**INPUT DATA**
_ _ _ _ _ _ _

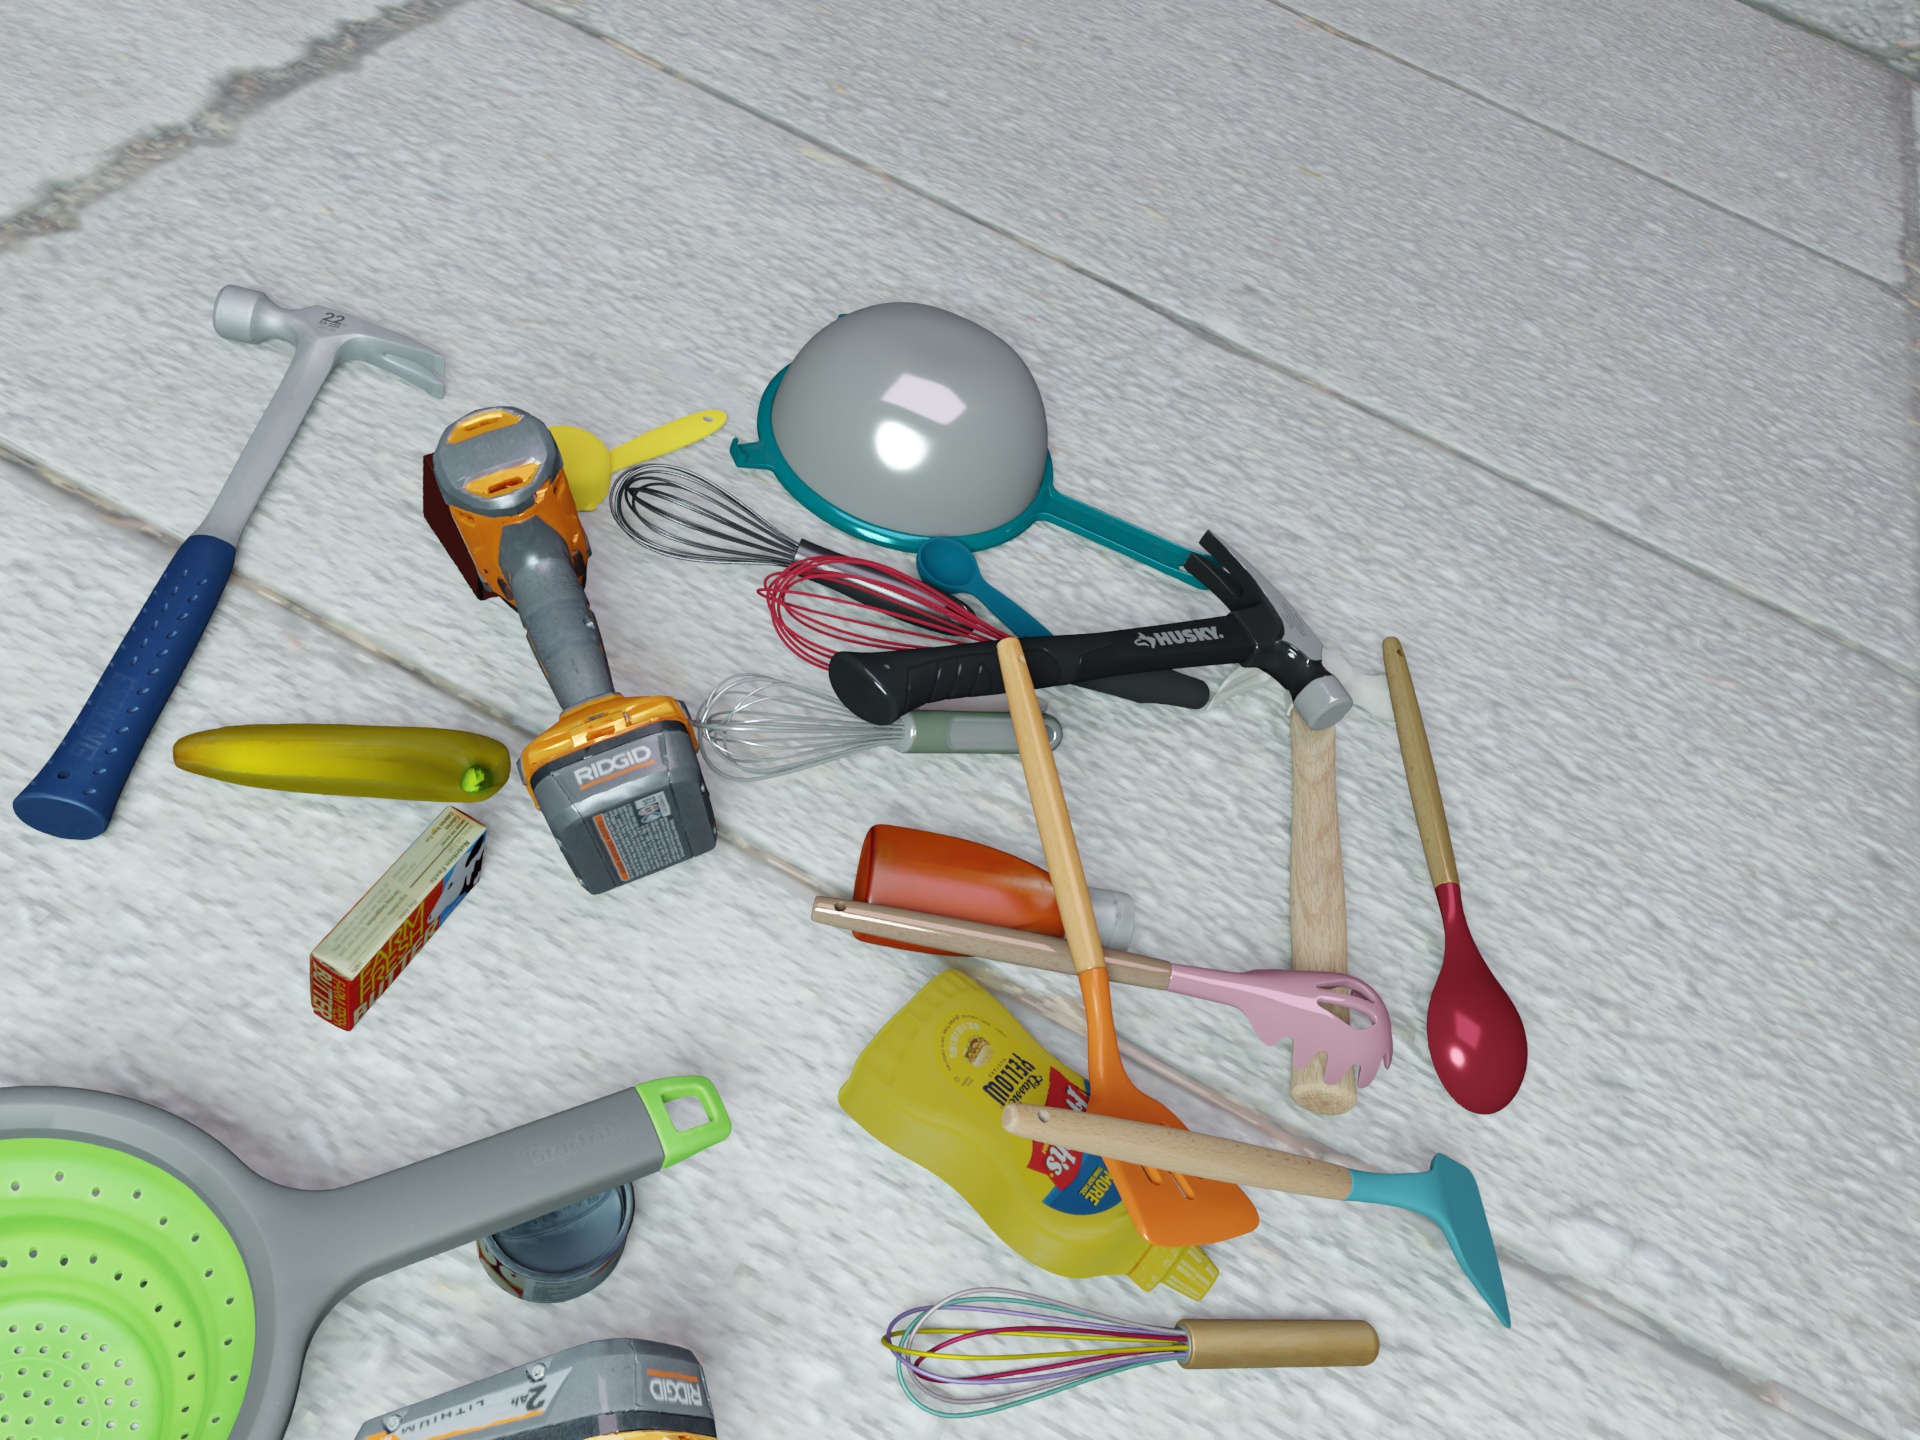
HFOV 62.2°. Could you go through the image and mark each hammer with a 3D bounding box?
[{"bbox_3d":[0.074,-0.042,0.928,0.334,0.035,0.146,-8,55,-34],"label":"hammer"},{"bbox_3d":[-0.407,-0.104,0.887,0.144,0.035,0.406,12,48,-9],"label":"hammer"},{"bbox_3d":[0.209,0.079,0.945,0.130,0.031,0.332,16,48,-6],"label":"hammer"}]

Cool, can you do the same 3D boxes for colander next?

_ _ _ _ _ _ _

**THE TASK**
Dropping every picture, restate the material word for word.

**WRITTEN RESPONSE**
HFOV 62.2°. Could you go through the image and mark each hammer with a 3D bounding box?
[{"bbox_3d":[0.074,-0.042,0.928,0.334,0.035,0.146,-8,55,-34],"label":"hammer"},{"bbox_3d":[-0.407,-0.104,0.887,0.144,0.035,0.406,12,48,-9],"label":"hammer"},{"bbox_3d":[0.209,0.079,0.945,0.130,0.031,0.332,16,48,-6],"label":"hammer"}]

Cool, can you do the same 3D boxes for colander next?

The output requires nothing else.